▸ What you need to do: Locate every line in the records below that holds the word "figures" and return each one.

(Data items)
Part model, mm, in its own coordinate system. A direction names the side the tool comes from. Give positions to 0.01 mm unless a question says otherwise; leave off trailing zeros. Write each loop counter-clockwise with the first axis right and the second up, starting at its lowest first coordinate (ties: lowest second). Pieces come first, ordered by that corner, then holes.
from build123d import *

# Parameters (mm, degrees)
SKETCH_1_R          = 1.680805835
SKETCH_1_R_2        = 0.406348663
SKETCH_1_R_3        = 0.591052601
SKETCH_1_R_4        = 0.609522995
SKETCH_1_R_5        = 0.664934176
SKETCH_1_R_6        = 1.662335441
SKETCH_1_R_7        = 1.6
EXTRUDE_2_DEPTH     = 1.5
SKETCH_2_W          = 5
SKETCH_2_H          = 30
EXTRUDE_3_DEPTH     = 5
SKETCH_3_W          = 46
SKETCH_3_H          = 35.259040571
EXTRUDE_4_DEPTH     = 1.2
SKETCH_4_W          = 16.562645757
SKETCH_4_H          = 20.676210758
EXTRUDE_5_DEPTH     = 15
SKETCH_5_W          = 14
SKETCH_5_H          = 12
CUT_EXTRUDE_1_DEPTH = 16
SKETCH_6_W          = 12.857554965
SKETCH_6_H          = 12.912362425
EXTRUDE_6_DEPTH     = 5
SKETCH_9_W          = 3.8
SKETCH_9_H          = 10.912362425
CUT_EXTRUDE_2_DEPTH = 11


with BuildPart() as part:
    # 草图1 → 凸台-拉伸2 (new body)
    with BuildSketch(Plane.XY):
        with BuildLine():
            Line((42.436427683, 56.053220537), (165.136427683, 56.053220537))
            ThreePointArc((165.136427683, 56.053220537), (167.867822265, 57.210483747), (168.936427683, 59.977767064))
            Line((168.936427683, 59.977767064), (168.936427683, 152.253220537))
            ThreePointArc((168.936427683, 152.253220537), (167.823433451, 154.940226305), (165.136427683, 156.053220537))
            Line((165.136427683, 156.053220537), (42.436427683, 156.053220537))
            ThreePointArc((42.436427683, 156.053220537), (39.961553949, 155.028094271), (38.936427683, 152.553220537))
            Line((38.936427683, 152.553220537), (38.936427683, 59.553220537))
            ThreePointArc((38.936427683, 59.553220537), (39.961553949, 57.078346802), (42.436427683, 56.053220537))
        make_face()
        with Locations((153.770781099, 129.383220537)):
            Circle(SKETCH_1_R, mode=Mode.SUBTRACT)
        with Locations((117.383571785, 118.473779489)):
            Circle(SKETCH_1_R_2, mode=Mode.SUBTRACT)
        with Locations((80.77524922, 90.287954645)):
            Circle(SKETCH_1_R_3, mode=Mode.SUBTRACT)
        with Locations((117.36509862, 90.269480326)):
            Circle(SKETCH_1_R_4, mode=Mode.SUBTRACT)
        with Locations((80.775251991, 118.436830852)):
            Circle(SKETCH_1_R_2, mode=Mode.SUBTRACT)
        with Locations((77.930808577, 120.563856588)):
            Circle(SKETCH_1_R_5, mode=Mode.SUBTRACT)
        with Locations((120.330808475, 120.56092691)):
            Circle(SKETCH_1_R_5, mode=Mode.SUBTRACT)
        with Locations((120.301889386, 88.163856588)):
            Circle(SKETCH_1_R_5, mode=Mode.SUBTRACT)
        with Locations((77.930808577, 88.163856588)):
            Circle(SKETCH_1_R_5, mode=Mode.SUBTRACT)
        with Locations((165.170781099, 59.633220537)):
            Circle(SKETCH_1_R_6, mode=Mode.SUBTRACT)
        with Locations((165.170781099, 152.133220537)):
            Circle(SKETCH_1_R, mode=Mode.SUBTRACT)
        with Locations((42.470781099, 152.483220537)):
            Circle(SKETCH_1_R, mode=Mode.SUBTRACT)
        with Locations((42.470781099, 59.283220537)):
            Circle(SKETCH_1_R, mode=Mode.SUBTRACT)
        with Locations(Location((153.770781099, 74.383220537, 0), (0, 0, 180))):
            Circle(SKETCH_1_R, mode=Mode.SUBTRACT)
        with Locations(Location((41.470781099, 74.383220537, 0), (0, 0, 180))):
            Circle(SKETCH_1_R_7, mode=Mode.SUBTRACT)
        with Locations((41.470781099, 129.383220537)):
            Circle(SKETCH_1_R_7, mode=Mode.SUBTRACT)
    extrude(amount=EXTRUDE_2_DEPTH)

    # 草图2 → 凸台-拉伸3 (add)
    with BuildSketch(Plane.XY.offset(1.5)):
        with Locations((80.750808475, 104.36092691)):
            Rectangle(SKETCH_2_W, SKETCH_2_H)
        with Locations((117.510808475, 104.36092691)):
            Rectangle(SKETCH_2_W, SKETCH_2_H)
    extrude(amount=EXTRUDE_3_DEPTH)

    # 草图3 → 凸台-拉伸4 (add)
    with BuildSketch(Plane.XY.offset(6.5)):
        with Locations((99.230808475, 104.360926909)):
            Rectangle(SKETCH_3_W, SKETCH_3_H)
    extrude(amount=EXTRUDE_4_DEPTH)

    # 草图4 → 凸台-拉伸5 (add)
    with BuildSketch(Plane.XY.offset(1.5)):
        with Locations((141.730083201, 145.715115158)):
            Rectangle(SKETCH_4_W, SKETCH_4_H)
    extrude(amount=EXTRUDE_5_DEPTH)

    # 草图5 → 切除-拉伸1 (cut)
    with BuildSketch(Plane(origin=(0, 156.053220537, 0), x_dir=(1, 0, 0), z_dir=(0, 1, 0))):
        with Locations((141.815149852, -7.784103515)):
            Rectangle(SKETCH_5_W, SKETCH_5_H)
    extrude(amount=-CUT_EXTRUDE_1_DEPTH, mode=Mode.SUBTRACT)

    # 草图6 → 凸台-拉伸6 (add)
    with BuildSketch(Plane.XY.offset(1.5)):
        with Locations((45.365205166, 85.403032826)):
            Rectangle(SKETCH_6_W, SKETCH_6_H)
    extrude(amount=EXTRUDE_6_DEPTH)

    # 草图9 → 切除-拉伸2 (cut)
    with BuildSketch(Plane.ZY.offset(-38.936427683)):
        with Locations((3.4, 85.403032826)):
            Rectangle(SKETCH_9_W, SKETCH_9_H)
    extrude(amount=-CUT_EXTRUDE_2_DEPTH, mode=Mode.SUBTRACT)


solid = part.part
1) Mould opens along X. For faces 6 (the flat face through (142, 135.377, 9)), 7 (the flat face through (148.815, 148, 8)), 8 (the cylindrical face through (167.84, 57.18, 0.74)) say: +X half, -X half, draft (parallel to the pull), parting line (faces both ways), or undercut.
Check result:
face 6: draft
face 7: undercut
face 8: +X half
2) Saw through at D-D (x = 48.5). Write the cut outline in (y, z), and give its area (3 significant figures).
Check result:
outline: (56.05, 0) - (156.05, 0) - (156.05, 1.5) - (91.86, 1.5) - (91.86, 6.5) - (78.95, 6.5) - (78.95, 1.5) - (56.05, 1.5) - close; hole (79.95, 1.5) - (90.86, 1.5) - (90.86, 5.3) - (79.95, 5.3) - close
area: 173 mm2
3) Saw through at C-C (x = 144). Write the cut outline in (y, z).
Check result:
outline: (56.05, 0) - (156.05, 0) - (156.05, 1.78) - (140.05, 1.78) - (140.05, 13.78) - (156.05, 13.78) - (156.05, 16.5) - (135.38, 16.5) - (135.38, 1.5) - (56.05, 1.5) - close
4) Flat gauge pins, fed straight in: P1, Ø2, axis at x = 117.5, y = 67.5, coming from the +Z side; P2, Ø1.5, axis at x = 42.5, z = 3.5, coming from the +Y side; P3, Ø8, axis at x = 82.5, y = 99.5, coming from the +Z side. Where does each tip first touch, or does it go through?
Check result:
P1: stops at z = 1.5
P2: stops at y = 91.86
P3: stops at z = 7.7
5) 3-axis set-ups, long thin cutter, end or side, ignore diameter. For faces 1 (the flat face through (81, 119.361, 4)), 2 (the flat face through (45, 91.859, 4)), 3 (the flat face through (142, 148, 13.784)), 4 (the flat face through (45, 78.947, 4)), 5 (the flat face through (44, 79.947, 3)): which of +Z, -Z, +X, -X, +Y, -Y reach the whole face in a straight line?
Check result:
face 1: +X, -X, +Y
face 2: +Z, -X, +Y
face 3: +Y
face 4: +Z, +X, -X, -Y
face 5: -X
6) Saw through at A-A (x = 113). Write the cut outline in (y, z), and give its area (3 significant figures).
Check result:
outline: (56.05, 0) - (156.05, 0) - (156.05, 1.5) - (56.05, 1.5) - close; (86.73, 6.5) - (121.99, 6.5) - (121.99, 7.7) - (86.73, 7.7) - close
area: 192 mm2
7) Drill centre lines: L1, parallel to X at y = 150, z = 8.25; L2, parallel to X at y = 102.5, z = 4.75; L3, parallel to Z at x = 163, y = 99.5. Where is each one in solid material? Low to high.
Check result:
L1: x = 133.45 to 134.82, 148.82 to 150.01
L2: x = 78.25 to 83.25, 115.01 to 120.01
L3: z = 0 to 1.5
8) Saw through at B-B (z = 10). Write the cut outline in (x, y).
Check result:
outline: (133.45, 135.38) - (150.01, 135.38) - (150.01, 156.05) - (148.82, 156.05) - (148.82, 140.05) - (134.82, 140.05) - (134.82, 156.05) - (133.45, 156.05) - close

▸ Written response:
2) Saw through at D-D (x = 48.5). Write the cut outline in (y, z), and give its area (3 significant figures).
6) Saw through at A-A (x = 113). Write the cut outline in (y, z), and give its area (3 significant figures).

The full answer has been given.